Wednesday, December 30, 2009

we resolve to be resolute

Tonight is not quite the last evening of the last day of the year, but it's close. Close enough to make us think about things old, new and cliche. Our beloved Internet is full of the Top Twenty, Best of 2009 lists and resolution stuffs. It's nauseating.

There is no highlight reel for our past year, but if there were we would want it narrated by Christopher Walken. He can make anything sound dirty, angry or scary. We like that.

If we must look back on the past year, it's going to be through the distorted perspective of a glass of wine. Yes, it makes things better and no, we don't need an intervention. What we do need is stock options in a local winery. If someone can arrange that, please let us know.

We won't get melancholy and introspective here about how our professional life is slipping off the edge and into the Pit of Doom. There is some control left over our life, we know that. And we could walk away tomorrow if we wanted to. But this McJob is like that really comfortable pair of pants you've had for ten years: there's a bunch of *holes in inappropriate places, but you deal because you know where all the *holes are.

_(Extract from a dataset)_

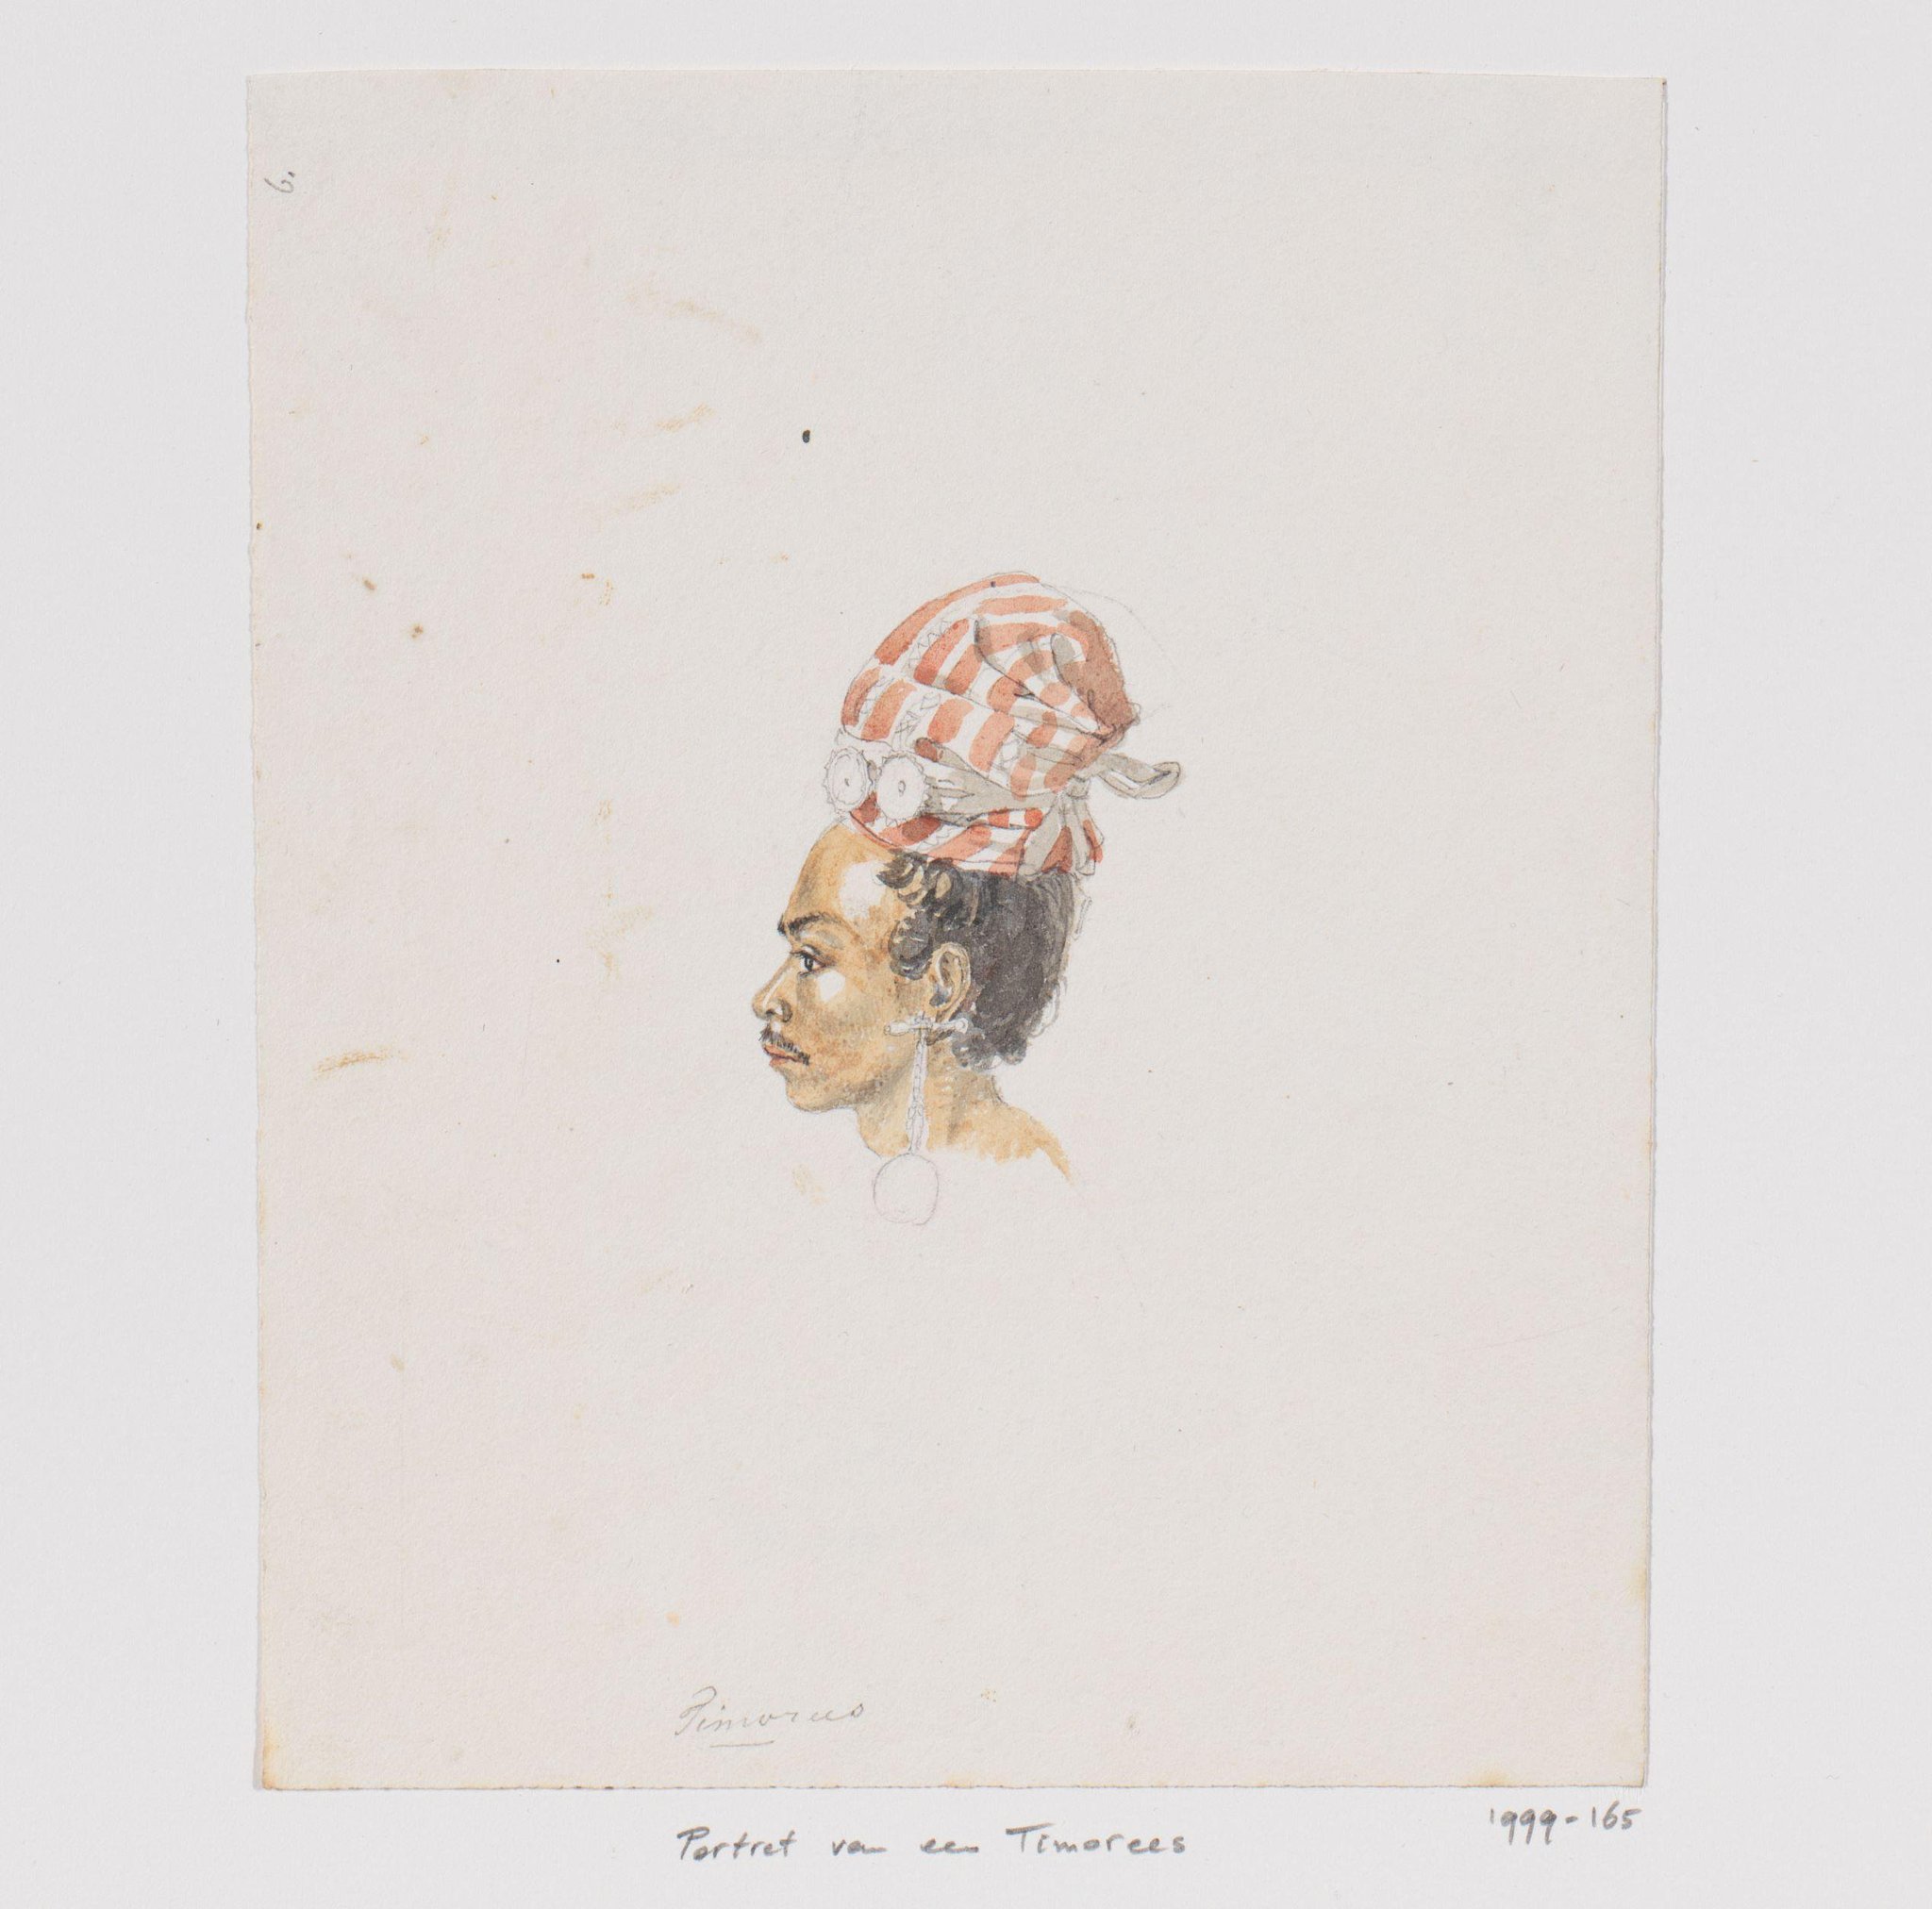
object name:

While we won't make you sift through a best of 2009 list, we will torment you with what we think are resolutions everyone should make for the coming year. We didn't say they would be easy; we just said everyone should make them.

  • Only say 'thank-you' when you really, really mean it.

Maybe someone donated a liver and you were on a wait-list. That deserves a heartfelt thanks. But if you say the same thing to the clerk at the video rental that you would say to the person who just gave you an organ, it sucks the meaning out of it. Let's start a new trend. We'll keep 'thank-you' for the big things and 'sweet' will work for the everyday stuff. It means you might hear way more 'sweet' at the office, but you'll sound way more hip.

  • Help someone get blind-stinking-fall-down drunk.

This can be anyone - someone you know, a total stranger or Clyde from Shipping. It doesn't matter. There's someone out there that needs to get a good drunk on, and you could be the person to do it. We think it would be way more fun if you get them drunk at work, too. In fact, you can start by helping us get drunk at work. Sweet.

  • Remove yourself from a 'social media' list.

Facebook. Myspace. Twitter. Whateversville. Who the hell cares what you're thinking or doing, anyway? We don't. Well, we do - as long as you're reading our blog, that is. Otherwise, stop cluttering up the social media networks with your updates of "I heart u2!" and other meaningless crap. We don't care about your new dog, your new handbag or that you're on team Edward or team Jacob. Well, Jacob was significantly more hot in the chest/abdomen area for that last movie, but that's beside the point. Contribute something significant to the social media sites or get the hell out.

  • Skim a little bit off the top.

This doesn't have to be in cash, although off-shore banks do like to deal in hard currency. If you work in a book store, take the odd best-seller home using the five-finger discount. Maybe you could pour yourself an extra latte at the coffee house. We'll try to do some creative accounting at work. Okay, so that's not much different than what we already do. But we'll up the ante.

  • Stop being a tool.

We like this one. It could be interpreted so many ways. Maybe your organization is using you as a tool to do work you find unpleasant, or maybe you're just being a dolt. Either way, stop it. We're working for The Man, but we're like a secret agent, eroding the very foundation of the big house. Try it. It's fun.

  • Listen to the smart people you hire, or stop hiring smart people.

Not sure how much more defined we need to be on this one. You hired us for a reason - and hopefully it's not just because we have a nice rack or you like the way our butt looked in those pants. Well, maybe it was. We've got a brain. You might want to listen to us occasionally. It's in your best interest. Usually.

We will celebrate the coming year by drinking overpriced bubbly in plastic cups, blowing on noisemakers and probably throwing up in the neighbour's hedge. Then, we'll be hung over. After that we'll start working on those resolutions. But not without a cocktail.